In the summertime of 2019, a crew chief tasked with overseeing farm laborers despatched them to reap corn in a discipline the place they weren’t licensed to work — and the place there wasn’t ample safety from the sweltering solar. One among them died of signs of heatstroke.
5 months later, a crew chief for an additional Georgia farm kidnapped and brutally assaulted certainly one of his staff who had escaped.
Two years after that, a 3rd crew chief confined staff to housing surrounded by an electrical fence so that they couldn’t attempt to flee.
These and different lately documented abuses have been carried out by third-party middlemen, or farm labor contractors, who have been employed by farm homeowners to recruit and supervise international staff. These contractors had discovered methods to wield energy with close to impunity over lots of of staff at a time. Federal prosecutors spent years revealing the scope of the issue in Georgia, in an enormous labor-trafficking case that launched in 2016 and is now nearing its conclusion.

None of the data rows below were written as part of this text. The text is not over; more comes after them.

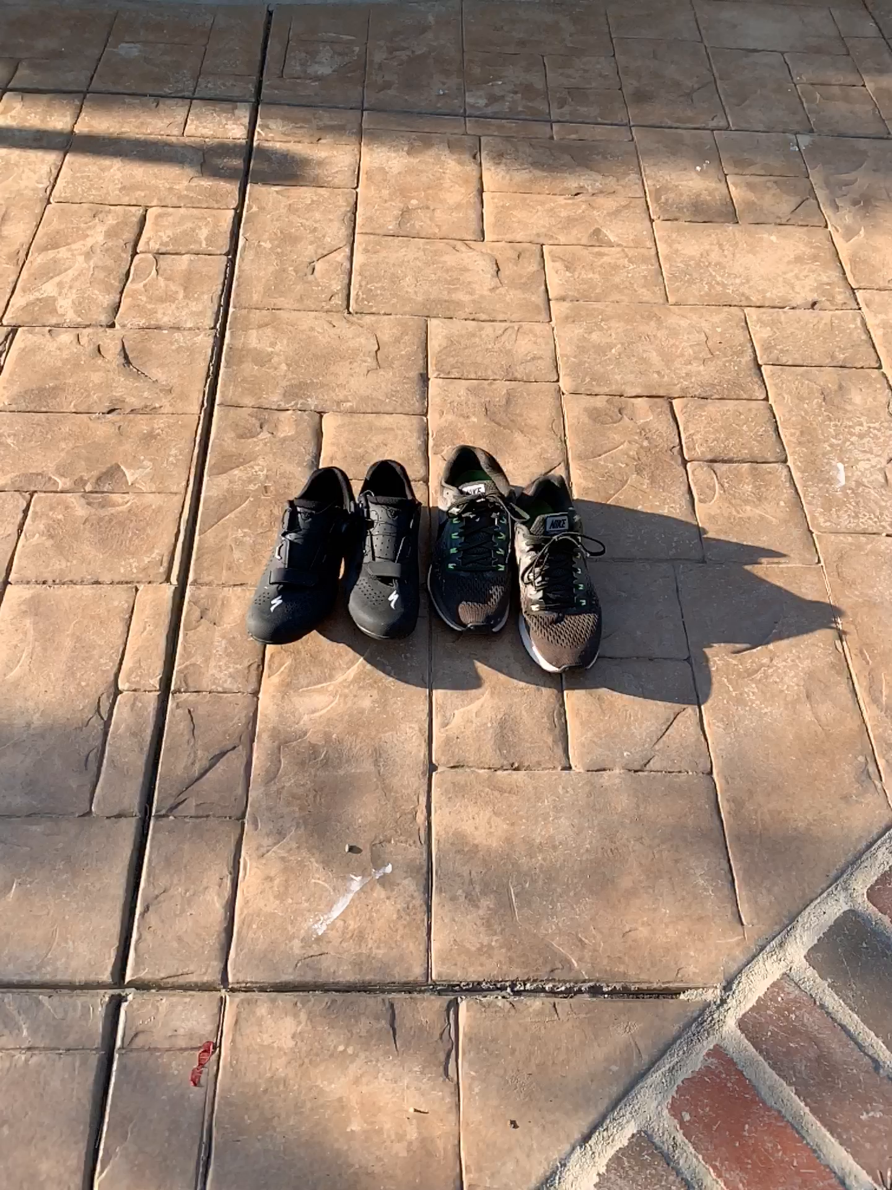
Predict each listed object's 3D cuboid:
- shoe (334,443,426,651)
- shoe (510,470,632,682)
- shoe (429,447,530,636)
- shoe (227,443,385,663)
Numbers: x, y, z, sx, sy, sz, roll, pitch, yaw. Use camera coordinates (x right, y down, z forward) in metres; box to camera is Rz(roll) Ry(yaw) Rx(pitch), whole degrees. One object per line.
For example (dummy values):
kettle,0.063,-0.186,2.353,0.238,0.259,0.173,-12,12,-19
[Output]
shoe,-0.076,-0.063,1.100,0.100,0.070,0.261,1,55,-3
shoe,0.152,-0.029,1.155,0.120,0.080,0.271,1,55,-3
shoe,0.038,-0.075,1.203,0.120,0.070,0.261,1,55,-3
shoe,-0.165,-0.059,1.124,0.100,0.070,0.271,14,56,6
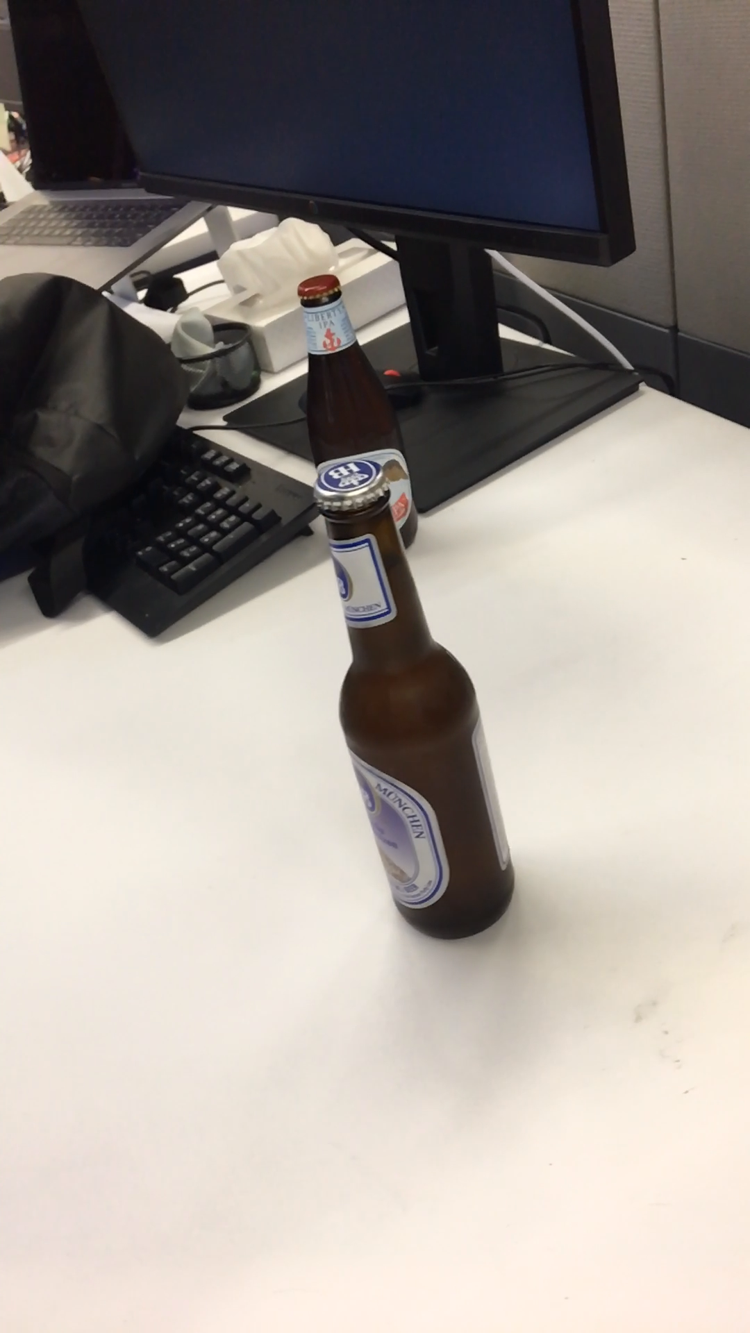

The proof in that case led prosecutors to liken the abuse to a type of modern-day slavery.
However regardless of prosecutors’ efforts to crack down on the exploitation of staff by labor contractors, there was little to no motion on the state or federal stage to make the adjustments that may cease it. There are legal guidelines and laws that might curb exploitation, however reviews from farmworker advocates and labor specialists have proven that enforcement has lengthy been lax. Quite a lot of elected officers have pushed for years for the federal government to do extra to make sure staff obtain these protections. Some advocates now say the one answer is for the federal government to require that farm homeowners lower out the intermediary and assume final duty for his or her staff.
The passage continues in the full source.